On constate que suite à la crise, les distributeurs ouvrent les vannes, ils facilitent la programmation des gros films, ce qui n’est pas toujours le cas pour les petites salles. Mais, ça ne va pas dans le bon sens pour nous. Il va falloir avoir une vigilance sur les prochains mois sur la sortie des films plus petits, qui sont déjà malmenés habituellement.
La reprise des prévisionnement va sans doute permettre d’élargir la palette de la programmation.
En terme de fréquentation, ceux qui sont venus au cinéma, ce sont plutôt les spectateurs fidèles. On n’a pas encore d’éléments et de chiffres fiables, mais l’on observe beaucoup de disparité : pour certains comme Le Pax au Pouliguen la reprise est un peu morose, pour nous Le Cinématographe à Nantes, c’est mieux.
Les projets de la rentrée :
Il y en a un gros prévisionnement prévu à la rentrée à Nantes au Cinématographe, la particularité cette fois-ci c’est de le faire avec Cinéphare. C’est un réseau un peu analogue situé en Bretagne. Depuis 5-6 ans, on fait avec eux un pré-visionnement un peu plus important que ce que l’on fait habituellement, sur 3 jours. Il y a plus de films projetés, plus de rencontres avec des réalisateurs ou réalisatrices et il y a une table ronde souvent sur un enjeu professionnel.

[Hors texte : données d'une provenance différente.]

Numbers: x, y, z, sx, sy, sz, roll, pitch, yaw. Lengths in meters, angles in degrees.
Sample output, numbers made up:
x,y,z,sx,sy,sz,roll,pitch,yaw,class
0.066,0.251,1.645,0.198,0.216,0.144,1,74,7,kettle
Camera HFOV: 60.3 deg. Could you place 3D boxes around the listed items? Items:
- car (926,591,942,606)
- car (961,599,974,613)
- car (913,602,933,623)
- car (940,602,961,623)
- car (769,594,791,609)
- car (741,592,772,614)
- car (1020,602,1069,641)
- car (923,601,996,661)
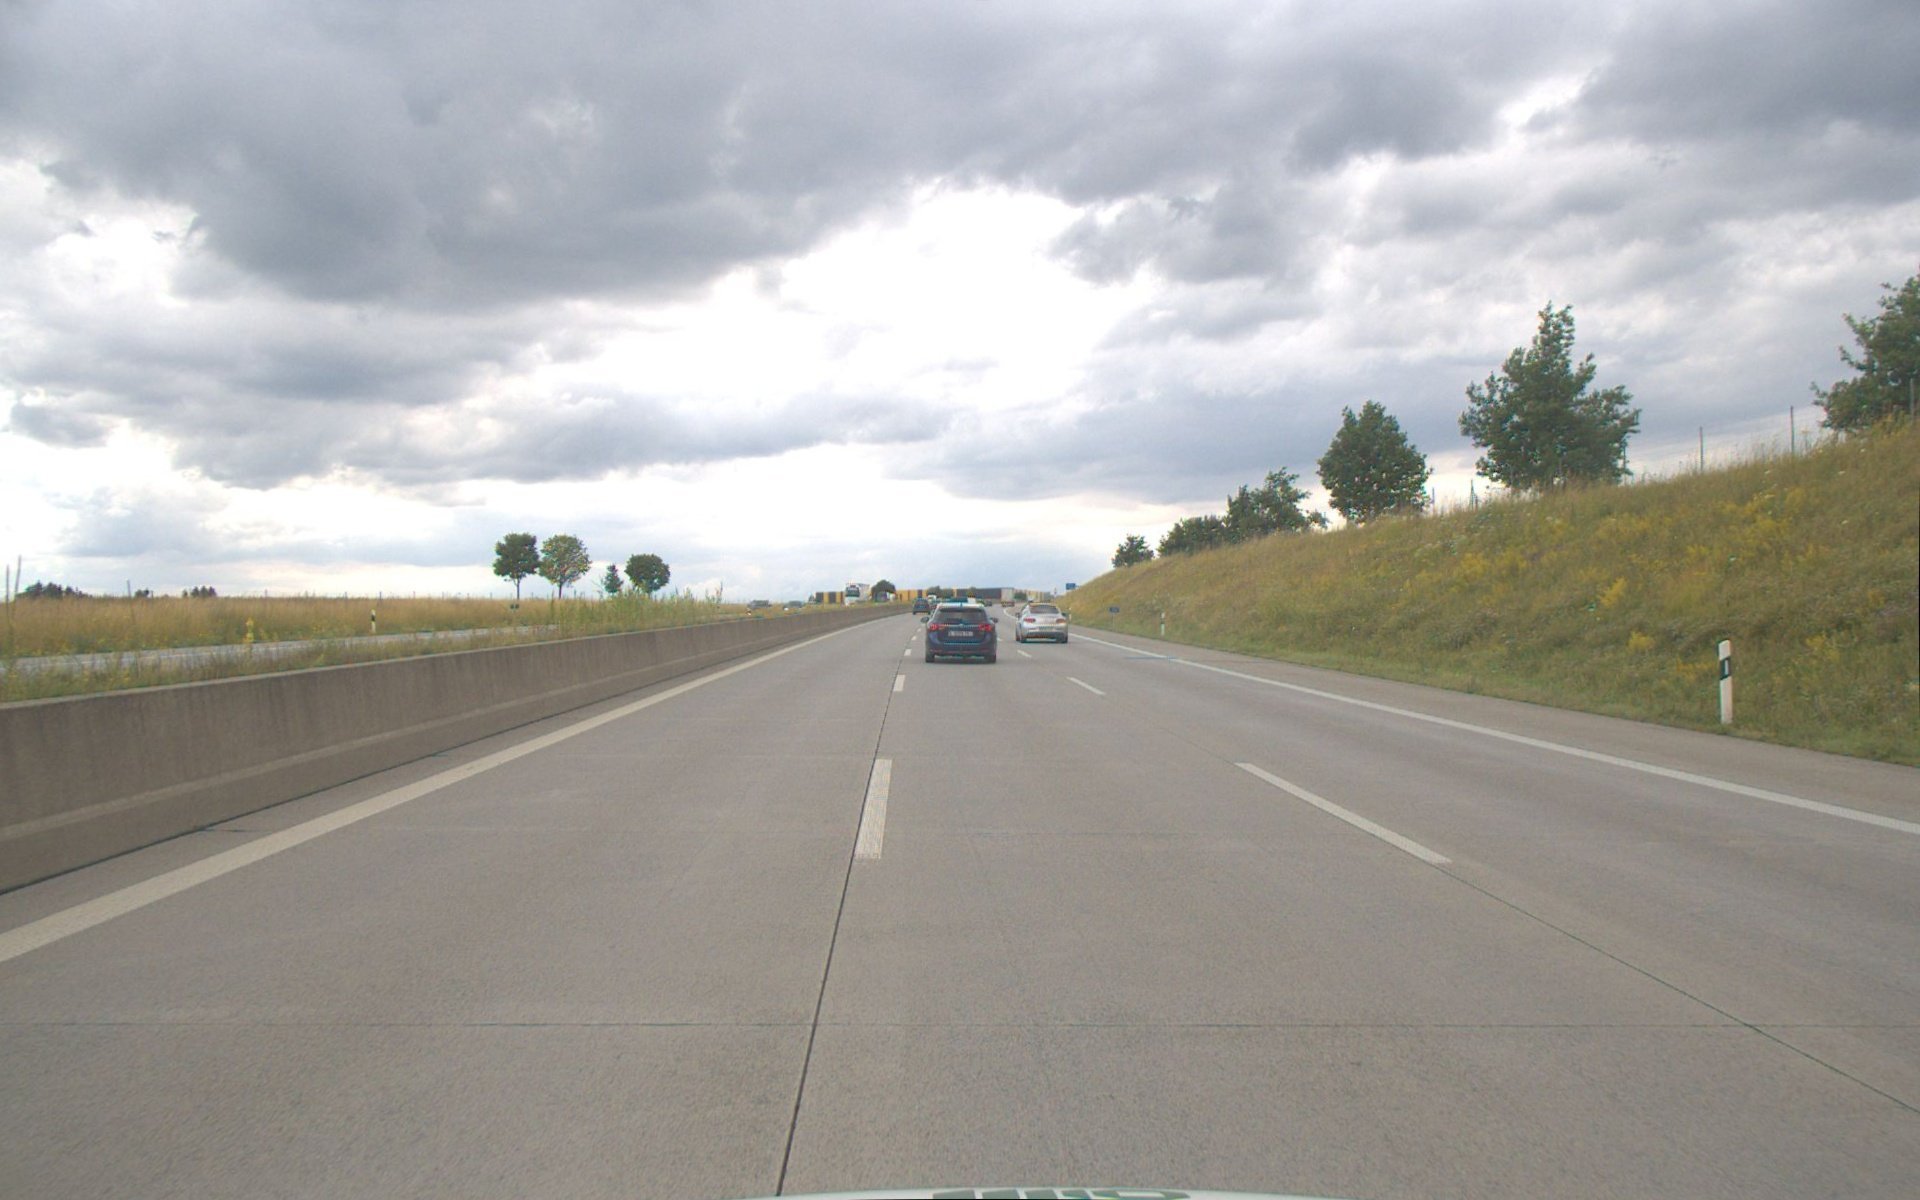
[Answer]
x,y,z,sx,sy,sz,roll,pitch,yaw,class
-3.563,-0.173,225.838,1.953,2.049,3.998,1,-1,-2,car
1.154,0.946,259.254,1.952,2.049,4.001,1,-1,2,car
-3.839,1.300,171.406,2.005,2.049,3.998,1,-1,-2,car
-0.929,1.282,165.880,1.953,2.049,3.998,1,-1,-2,car
-17.183,0.169,158.014,1.628,1.423,3.999,0,0,-1,car
-16.277,0.242,132.396,1.953,1.713,4.062,0,0,-1,car
3.147,0.800,62.104,1.751,1.428,4.222,0,0,2,car
0.010,0.762,41.469,1.738,1.438,4.000,0,0,0,car

Pour la suite, on prévoit d’en faire un peu plus souvent, mais des plus petits sur 3-4 films, en limitant un peu la jauge. Mais tout cela va dépendre du contexte sanitaire.
Reprise aussi des formations. Plusieurs sont déjà prévues autour du jeune public, technique autour du support des films (les DCP) et l’accueil du public en situation de handicap. C’est une thématique que l’on travaille depuis 3-4 ans, et qui est portée par les collectivités et la société en générale.